ここまで、兵士は一人としていなかった。マディソンも、ドレニアも、メゼンタすらも。
エンダーの計らいだという確信があった。彼が、最高の人生を始めるための舞台を整えたのだ。
過去の断頭台と、未来への玉座。その二つは、等しい存在だった。エンダーにとっても、ノエルにとっても。

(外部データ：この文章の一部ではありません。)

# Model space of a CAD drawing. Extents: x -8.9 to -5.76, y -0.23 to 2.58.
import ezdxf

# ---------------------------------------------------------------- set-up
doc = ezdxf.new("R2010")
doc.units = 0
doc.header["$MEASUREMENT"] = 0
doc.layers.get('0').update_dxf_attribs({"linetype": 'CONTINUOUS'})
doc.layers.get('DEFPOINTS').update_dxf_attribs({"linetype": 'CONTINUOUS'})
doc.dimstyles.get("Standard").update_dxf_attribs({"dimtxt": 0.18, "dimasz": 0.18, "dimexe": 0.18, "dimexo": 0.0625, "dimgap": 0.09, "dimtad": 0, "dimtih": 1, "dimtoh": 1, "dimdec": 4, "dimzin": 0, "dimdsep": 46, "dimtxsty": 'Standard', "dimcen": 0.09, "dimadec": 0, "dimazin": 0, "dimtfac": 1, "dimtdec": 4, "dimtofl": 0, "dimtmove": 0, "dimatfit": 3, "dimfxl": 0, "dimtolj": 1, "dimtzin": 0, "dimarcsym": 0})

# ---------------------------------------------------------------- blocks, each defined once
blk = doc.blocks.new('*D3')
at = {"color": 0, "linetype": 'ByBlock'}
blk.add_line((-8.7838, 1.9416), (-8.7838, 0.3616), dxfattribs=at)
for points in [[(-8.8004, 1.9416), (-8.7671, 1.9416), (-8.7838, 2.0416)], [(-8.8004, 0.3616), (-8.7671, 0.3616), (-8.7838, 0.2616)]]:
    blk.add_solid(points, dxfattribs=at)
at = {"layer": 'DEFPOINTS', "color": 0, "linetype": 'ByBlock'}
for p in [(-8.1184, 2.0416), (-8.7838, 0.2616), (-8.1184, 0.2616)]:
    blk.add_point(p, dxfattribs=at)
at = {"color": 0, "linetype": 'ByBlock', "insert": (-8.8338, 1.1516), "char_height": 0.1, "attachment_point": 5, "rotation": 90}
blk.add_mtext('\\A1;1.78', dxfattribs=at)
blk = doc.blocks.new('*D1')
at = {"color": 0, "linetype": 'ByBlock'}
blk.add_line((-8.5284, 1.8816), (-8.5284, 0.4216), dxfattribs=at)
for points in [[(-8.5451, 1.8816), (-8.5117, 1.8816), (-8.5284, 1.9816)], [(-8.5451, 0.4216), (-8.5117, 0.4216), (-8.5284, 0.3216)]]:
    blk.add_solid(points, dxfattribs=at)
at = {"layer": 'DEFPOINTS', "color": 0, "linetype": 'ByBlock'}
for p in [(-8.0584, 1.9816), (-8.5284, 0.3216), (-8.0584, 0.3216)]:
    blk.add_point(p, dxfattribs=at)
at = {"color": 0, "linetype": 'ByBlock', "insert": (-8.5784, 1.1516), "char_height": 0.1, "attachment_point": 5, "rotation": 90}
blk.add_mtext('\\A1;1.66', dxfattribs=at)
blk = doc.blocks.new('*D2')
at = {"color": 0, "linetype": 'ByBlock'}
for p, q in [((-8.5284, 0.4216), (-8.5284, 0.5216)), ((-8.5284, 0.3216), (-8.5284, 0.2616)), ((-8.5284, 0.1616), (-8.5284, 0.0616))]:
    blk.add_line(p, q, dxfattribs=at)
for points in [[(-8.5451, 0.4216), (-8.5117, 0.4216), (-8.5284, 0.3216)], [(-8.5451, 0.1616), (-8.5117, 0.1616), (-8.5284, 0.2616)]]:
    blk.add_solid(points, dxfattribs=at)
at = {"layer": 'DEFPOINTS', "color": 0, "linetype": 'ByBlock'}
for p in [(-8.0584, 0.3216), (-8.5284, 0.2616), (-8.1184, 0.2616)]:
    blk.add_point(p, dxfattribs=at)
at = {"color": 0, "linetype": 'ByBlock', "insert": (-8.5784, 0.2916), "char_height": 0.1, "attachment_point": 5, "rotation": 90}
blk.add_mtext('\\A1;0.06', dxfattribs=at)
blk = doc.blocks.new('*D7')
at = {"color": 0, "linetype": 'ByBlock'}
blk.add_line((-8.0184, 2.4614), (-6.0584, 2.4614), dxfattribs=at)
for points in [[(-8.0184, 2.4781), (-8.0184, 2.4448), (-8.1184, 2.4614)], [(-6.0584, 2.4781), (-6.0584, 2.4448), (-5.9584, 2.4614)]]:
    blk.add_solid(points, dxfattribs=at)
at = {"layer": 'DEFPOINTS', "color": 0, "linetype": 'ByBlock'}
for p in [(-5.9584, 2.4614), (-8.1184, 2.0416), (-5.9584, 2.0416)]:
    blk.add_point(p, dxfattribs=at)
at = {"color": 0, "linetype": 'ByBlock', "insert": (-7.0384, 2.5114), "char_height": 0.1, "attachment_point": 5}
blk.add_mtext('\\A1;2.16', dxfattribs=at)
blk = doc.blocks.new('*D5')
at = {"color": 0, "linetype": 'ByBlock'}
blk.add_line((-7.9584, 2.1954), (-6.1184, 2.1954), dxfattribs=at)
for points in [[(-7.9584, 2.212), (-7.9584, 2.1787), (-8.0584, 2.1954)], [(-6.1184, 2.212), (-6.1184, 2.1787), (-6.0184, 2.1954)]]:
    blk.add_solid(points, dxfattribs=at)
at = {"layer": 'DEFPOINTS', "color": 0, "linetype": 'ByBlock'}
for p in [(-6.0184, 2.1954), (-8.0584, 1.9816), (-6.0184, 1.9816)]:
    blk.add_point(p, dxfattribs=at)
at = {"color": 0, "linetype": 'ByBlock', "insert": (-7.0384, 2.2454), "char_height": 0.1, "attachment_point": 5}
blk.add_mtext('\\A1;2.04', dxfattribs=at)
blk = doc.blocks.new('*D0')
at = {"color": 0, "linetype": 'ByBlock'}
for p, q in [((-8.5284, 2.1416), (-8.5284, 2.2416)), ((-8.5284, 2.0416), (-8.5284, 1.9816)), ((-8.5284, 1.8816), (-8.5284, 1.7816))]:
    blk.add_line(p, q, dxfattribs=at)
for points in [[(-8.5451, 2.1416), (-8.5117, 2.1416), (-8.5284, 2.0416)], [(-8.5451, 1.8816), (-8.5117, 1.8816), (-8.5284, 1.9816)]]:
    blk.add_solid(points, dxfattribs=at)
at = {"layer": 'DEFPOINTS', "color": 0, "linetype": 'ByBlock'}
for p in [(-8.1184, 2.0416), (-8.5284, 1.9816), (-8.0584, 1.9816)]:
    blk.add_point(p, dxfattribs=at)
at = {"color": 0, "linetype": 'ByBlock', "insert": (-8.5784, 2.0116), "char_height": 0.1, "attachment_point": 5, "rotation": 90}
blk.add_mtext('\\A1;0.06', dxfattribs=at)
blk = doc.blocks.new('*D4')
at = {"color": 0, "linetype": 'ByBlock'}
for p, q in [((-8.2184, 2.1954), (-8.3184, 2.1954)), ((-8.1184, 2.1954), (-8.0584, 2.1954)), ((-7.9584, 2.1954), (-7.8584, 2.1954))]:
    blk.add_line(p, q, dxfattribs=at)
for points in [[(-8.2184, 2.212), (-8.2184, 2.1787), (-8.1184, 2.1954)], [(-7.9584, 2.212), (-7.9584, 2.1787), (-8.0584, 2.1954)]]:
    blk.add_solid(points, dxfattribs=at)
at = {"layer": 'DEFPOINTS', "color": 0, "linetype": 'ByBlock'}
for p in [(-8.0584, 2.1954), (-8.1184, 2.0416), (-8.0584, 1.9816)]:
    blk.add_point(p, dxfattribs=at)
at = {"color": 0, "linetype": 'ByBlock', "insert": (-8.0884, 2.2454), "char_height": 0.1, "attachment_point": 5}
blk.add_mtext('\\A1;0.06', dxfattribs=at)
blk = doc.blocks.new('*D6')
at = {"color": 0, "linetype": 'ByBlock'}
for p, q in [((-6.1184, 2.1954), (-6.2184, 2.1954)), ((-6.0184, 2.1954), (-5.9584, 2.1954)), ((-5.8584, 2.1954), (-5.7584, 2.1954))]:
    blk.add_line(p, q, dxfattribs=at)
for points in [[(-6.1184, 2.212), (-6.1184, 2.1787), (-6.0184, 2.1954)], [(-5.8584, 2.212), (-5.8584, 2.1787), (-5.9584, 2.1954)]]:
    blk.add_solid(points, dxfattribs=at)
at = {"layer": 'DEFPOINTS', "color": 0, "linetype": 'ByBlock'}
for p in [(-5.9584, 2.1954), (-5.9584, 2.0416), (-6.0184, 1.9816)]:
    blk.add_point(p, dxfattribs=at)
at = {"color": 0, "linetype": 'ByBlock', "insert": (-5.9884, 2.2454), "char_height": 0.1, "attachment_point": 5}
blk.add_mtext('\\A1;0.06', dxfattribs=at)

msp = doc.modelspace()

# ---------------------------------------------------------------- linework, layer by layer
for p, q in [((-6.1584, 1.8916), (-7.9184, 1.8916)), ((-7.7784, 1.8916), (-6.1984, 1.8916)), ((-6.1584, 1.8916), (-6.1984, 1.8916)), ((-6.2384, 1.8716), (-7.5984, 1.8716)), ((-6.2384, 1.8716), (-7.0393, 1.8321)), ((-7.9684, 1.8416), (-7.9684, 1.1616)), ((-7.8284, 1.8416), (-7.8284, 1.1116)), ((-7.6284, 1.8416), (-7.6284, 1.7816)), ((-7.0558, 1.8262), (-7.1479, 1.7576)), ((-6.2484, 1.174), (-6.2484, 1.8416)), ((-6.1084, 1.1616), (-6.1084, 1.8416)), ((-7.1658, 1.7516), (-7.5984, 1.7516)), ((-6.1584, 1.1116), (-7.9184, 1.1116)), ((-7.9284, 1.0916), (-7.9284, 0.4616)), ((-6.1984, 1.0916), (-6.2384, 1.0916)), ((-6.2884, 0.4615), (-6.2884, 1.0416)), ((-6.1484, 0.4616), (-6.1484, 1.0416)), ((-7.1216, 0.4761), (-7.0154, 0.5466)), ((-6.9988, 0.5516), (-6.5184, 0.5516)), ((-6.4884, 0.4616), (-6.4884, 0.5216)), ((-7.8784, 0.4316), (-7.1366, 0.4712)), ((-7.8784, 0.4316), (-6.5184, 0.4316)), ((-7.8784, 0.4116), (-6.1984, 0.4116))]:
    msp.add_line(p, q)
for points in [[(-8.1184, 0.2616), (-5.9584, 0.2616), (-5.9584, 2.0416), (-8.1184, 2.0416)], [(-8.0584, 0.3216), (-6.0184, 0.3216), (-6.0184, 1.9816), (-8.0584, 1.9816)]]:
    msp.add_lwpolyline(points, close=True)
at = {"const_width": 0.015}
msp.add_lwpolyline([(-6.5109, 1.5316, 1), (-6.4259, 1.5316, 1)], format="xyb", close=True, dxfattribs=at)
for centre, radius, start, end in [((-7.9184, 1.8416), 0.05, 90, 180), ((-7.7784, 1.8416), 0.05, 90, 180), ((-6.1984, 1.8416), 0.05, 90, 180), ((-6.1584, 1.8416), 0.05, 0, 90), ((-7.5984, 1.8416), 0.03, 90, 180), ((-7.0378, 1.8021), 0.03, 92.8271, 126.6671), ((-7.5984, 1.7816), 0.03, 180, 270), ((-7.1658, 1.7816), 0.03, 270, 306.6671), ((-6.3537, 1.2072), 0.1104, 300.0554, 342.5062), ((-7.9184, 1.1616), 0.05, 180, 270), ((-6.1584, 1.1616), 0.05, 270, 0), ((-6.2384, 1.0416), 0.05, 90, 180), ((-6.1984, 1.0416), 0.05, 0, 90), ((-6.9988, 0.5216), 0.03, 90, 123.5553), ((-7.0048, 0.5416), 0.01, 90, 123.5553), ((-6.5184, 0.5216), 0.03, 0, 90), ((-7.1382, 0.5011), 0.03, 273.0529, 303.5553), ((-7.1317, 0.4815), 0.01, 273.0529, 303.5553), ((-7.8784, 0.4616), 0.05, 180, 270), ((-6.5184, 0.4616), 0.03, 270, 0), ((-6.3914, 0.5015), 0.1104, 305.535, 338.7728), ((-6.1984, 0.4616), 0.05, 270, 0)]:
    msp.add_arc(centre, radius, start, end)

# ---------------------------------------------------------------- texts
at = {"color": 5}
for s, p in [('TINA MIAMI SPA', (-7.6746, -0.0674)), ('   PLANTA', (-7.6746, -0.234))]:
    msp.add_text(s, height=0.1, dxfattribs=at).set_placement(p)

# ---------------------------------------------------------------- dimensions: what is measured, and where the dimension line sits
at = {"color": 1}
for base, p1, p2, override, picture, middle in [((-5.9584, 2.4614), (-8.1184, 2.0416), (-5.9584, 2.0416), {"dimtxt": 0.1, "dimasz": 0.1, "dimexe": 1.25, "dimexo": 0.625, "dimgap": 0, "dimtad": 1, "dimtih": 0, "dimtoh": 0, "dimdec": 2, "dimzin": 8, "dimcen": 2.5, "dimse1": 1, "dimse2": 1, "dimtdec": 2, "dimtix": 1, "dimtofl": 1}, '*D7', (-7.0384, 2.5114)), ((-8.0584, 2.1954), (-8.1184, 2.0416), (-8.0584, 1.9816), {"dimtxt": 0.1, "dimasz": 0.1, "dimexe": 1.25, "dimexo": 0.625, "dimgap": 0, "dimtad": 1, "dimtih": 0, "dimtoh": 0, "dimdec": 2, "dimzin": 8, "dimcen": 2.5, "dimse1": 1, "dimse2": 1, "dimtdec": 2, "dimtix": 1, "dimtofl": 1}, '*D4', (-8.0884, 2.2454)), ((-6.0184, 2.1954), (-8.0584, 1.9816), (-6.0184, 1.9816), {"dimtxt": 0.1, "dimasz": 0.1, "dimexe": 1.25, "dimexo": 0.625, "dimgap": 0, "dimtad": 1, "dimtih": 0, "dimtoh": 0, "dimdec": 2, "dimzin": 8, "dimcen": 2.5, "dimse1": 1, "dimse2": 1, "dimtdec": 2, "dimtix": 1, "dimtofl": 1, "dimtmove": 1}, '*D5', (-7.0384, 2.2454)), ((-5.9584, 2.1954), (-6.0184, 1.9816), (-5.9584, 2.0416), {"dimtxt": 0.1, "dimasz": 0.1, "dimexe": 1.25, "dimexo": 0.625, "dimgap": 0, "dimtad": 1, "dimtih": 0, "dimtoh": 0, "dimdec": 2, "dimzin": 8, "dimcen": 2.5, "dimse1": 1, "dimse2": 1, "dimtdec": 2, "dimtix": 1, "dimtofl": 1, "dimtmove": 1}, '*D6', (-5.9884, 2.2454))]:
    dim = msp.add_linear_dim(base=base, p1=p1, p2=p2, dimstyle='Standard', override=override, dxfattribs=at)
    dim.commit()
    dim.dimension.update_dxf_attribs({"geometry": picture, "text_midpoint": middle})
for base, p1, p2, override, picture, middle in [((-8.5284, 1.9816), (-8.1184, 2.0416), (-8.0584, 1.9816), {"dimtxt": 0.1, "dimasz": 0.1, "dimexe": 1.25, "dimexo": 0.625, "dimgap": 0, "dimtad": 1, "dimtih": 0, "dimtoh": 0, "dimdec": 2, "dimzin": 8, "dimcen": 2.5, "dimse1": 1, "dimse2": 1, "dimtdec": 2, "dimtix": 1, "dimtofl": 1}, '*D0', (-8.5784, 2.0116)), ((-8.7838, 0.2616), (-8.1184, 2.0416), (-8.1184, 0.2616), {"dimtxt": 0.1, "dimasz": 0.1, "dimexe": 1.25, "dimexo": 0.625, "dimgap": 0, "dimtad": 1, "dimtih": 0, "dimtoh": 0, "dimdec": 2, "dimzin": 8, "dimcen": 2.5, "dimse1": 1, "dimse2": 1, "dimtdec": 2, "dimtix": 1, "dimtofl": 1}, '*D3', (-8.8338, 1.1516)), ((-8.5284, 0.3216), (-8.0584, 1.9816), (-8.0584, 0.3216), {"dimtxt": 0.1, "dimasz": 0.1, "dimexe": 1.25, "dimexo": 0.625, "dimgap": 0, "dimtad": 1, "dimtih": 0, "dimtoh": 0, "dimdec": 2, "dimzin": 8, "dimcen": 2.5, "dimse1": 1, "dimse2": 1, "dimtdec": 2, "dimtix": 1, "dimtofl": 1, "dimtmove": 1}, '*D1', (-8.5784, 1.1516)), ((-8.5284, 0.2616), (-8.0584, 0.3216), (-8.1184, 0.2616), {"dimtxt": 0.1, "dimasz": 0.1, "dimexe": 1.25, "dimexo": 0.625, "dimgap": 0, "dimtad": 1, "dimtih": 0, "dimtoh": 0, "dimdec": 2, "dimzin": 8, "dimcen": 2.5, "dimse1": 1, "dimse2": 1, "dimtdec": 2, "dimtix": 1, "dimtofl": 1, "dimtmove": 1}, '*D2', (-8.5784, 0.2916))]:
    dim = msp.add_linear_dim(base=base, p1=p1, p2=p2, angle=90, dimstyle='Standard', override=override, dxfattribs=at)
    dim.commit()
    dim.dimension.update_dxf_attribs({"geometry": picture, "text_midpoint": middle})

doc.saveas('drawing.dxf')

因縁の決着は、神々しい夕陽の下だった。日が傾いていることに、ノエルはそこで初めて気づいた。
奇襲はなかった。敵は、あるべき位置に座っていた。
屋上の中央に着陸して動かない飛行船。その屋根から脚を投げ出し、こちらを見ていた。
恐ろしいほどに昏く、しかし獰猛な光を宿す目が、ノエルを捉えた。碧く光り輝く双眸。ただの火炎よりも熱く燃え上がる、青空の色。または、霹靂の色。金の長髪は、夕焼けに同化しそうだった。
「――これで最後だ、ノエル・ルイン」
エンダーが言い、その場で立ち上がる。ノエルを睥睨し、歯をむき出すようにして笑みを浮かべた。
不思議と狂気は感じなかった。むしろ、あるべき姿だと思った。最悪が終わり、最高が始まるこの瞬間を、彼は永遠とも思える間、待ち望んでいたのだろう。
「どちらが未来の盤面を進むに相応しいか。今日、決着がつく。今日が、思い出の日になる。そして、ここから始まっていくのだ」
恍惚とした声音だった。恋をしているかのようでもあった。
エンダーが、地面へと降り立った。ノエルとエンダーの視線が、対等な高さで噛み合う。どちらからでも始められる。そして、どちらからでも終わらせられる。相手の息の根を止めることで。
はたして、エンダーが動いた。
予備動作無しで、猛然と走り出す。ノエルが刃を光らせ、迎え撃った。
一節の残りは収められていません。